We want Pr(Y|X) where Y is a question about the world and X all/everything/in toto of what we assume is probative. That’s not what we get usually. But we should! Here’s why. WARNING! If you are having difficulty viewing this post in a email, click the title in the email and view it on the site.
Video
Links: YouTube * Twitter – X * Rumble * Bitchute * Class Page * Jaynes Book * Uncertainty
HOMEWORK: Given below; see end of lecture.
Lecture
This is an excerpt from Chapter 9 of Uncertainty.
The Second Best Model
The goal of modeling should be this: to gather evidence X to make probability statements about propositions Y. Schematically, as in the last Chapter (this is expanded in a practical sense several Sections below):
Pr(Y |X) [eq 1].
Although probability is general and places no restrictions on the nature of the propositions Y, statistics and the physical sciences by custom and as a useful division of labor, but not of philosophy, restricts Y, and much of X, to be observable (contingent). X will contain past observations and other information, including deductions and possibly causal or logical propositions, thought probative of Y. Premise, assumption, or observation as names for X are preferred over variable, because premise and the like are easily seen to be what they are: assumptions. “Variable”, unless one is careful, can led to reification and mistakes in assigning cause. There are no parameters here, nor are there decisions: this model is pure probability. In this section, only the idea behind this approach is given; there are some suggestions about how to go about this at the end of this Chapter, and specific implementations in the next Chapter
Most unfortunately, statistics as practiced is rarely like [eq 1] and is something else entirely. Which is to say, the material that follows is not standard—but should be. Statistics as classically practiced is like this:
$$\mbox{Y} \sim D(\mbox{X},\theta), \mbox{ [eq 2]}$$
where the observable Y is said to be “distributed” according to some probability distribution D, which is a function of premises (usually a smaller set than in [eq 1] X, themselves indexed by parameters $\theta$. Now [eq 2] can be turned into [eq 1] by “integrating out” the uncertainty in the unobservable parameters. The operation is an integration over [eq 2] if $\theta$ is continuous, else it is a sum. In other words, given X, the probability of Y is the value of [eq 2] weighted by the uncertainty in $\theta$. Schematically:
$$\Pr(\mbox{Y} | \mbox{X}) = \sum_i \Pr(\mbox{Y} |\mbox{X},\theta_i)\Pr(\theta = \theta_i|\mbox{X}). \mbox{ [eq 3]}$$
where X “contains” everything we know, including past observations of the proposition of interest and probative observational data, other premises specifying the model, and specifications of new values of the probative data. This is a cartoon equation, which is made specific in individual implementations.

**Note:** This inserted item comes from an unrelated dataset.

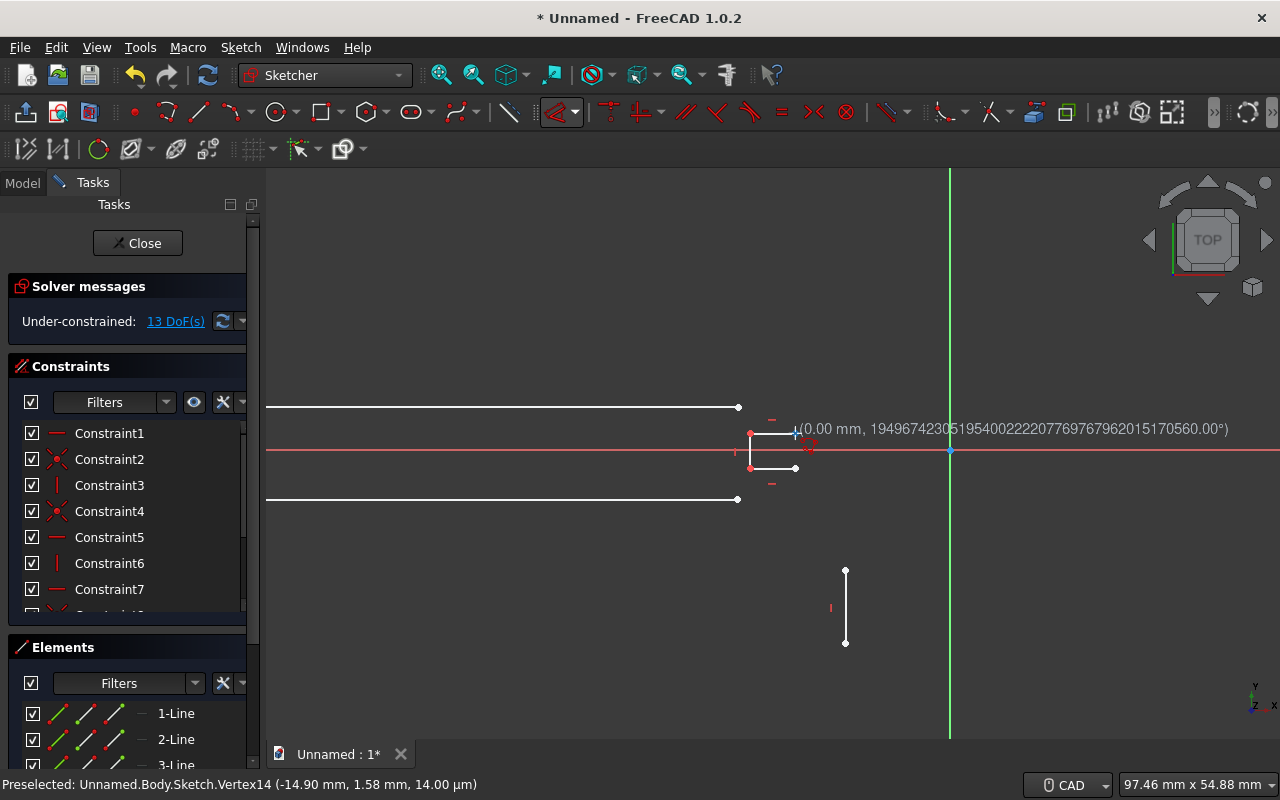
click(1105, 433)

In modeling as commonly practiced, discussion settles on measures and statements about the parameters, about, that is, objects like $\Pr(\mbox{X}|\theta = h)$ in frequentist statistics or like $\Pr(\theta = h|\mbox{X})$ in Bayesian, for some value of the parameter $h$ (this can be a set). The remainder of the equation is forgotten. Because all or most of the math (as is proper) is set aside when communicating results, classical methods make errors in inference hard to spot, and it has led to a ritualized form of statistics. Decisions about Y based on statements about parameters mixes up probability and decision. Even in “non-parametric” statistics, the goal is decision not probability.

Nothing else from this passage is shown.